KANGEN nonton film dengan gaya bertutur yang irit pemain, menegangkan, dan potensial nggak bikin ngantuk karena berteka-teki macam Locke dan Buried lagi? Tonton film ini.

Mengisahkan tentang seorang polisi, yang tengah piket di pusat telepon darurat pada malam hari, sedang mendapatkan kontak permintaang tolong dari seorang perempuan korban penculikan. Si polisi bernama Asger ini berkejaran dengan waktu menolong si penelepon hanya melalui komunikasi layanan telepon kantor pusat darurat.

Film dengan pemeran yang irit, tentu memberikan beban yang cukup berat pada pundak pemeran utamanya. Untung saja si pemeran karakter utama dalam film ini menjalankan tugasnya cukup memuaskan. Rona wajah tegang, gundah, dan resahnya cukup membuat saya dapat memasuki nuansa ketegangan yang ingin diciptakan oleh si sutradara melalui liukan demi liukan dialog dalam plotnya.

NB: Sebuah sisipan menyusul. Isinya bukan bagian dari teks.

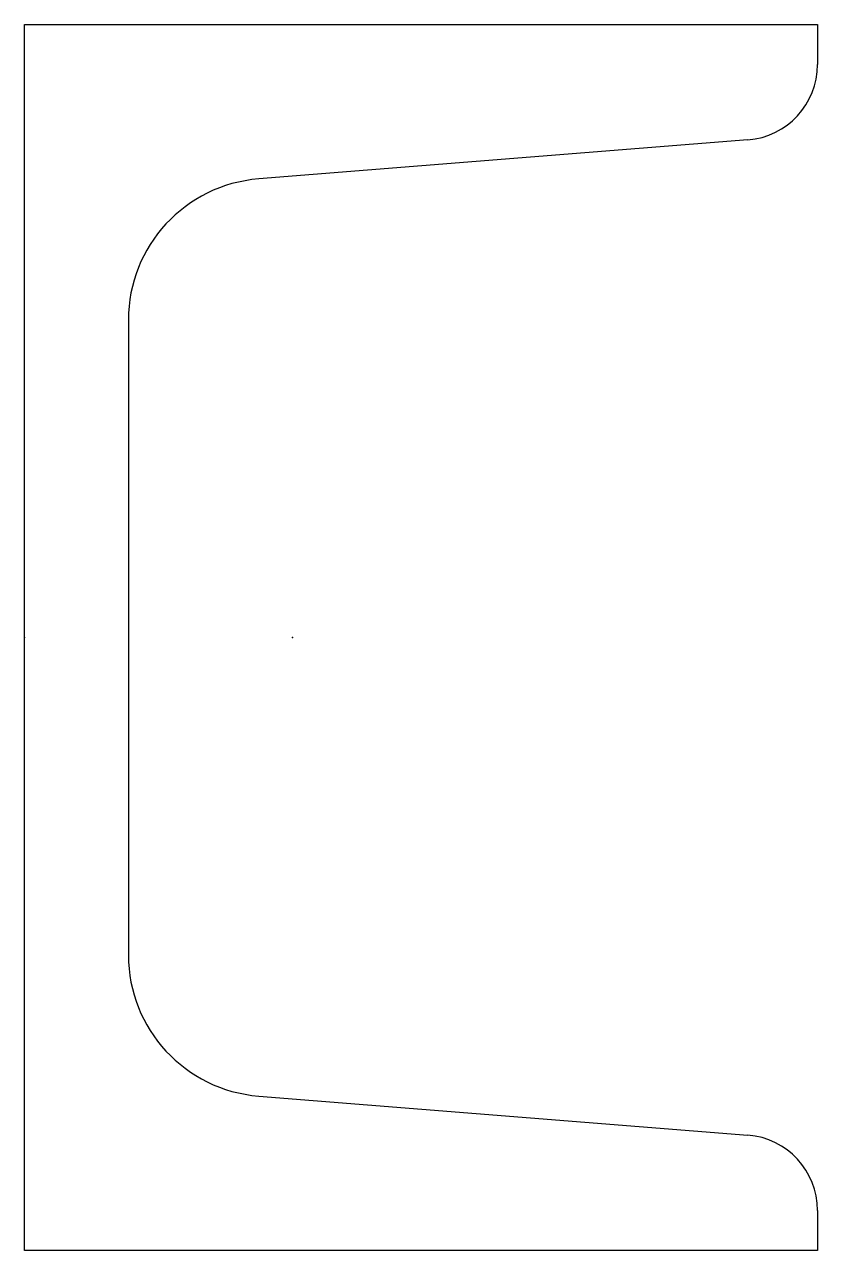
# Model space of a CAD drawing. Header units: millimetres. Extents: x 0 to 42, y 0 to 65.
import ezdxf

# ---------------------------------------------------------------- set-up
doc = ezdxf.new("R2010")
doc.units = ezdxf.units.MM
doc.layers.add('Profile', color=7, linetype='Continuous')

msp = doc.modelspace()

# ---------------------------------------------------------------- linework, layer by layer
at = {"layer": 'Profile'}
for p, q in [((0, 65), (42, 65)), ((0, 0), (0, 65)), ((42, 65), (42, 62.872)), ((38.319, 58.884), (12.402, 56.813)), ((5.5, 49.337), (5.5, 15.663)), ((12.402, 8.187), (38.319, 6.116)), ((42, 2.128), (42, 0)), ((42, 0), (0, 0))]:
    msp.add_line(p, q, dxfattribs=at)
for centre, radius, start, end in [((38, 62.872), 4, 274.57, 0), ((13, 49.337), 7.5, 94.57, 180), ((13, 15.663), 7.5, 180, 265.43), ((38, 2.128), 4, 0, 85.43)]:
    msp.add_arc(centre, radius, start, end, dxfattribs=at)
for p in [(0, 32.5), (14.2, 32.5)]:
    msp.add_point(p, dxfattribs=at)

doc.saveas('drawing.dxf')

Yang paling patut diapresiasi dari film ini adalah ide dasar konflik yang diciptakan untuk menggerakkan roda plotnya supaya makin ke belakang makin mengikat penontonnya untuk bersama-sama dengan karakter utama dalam film menuntaskan petualangan dialogis melalui sambungan telepon. Visualisasi tergantikan oleh dialog verbal yang mana membuat saya sebagai penonton sedikit merasa seperti mengikuti sandiwara radio yang diperkuat dengan gambaran ekspresi wajah karakternya.

Pemilihan kasus utama yang diangkat cukup cermat, berikut mempertimbangkan konteks sosial set film yakni di Kopenhagen. Bukanlah sensasi kamuflase dari pelintiran plot yang membuat saya senang menikmati film ini, melainkan lebih pada aspek permainan drama intuisi psikologis yang reflektif. Satu film kecil (ditilik dari skala produksinya) yang disodorkan ke Akademi Oscar 2019 sebagai perwakilan dari Denmark ini menyajikan drama instingtif yang manusiawi. (ila)

*Penulis adalah penggemar film dalam negeri dan penikmat The Chemical Brothers yang bermukim di Jogja Utara.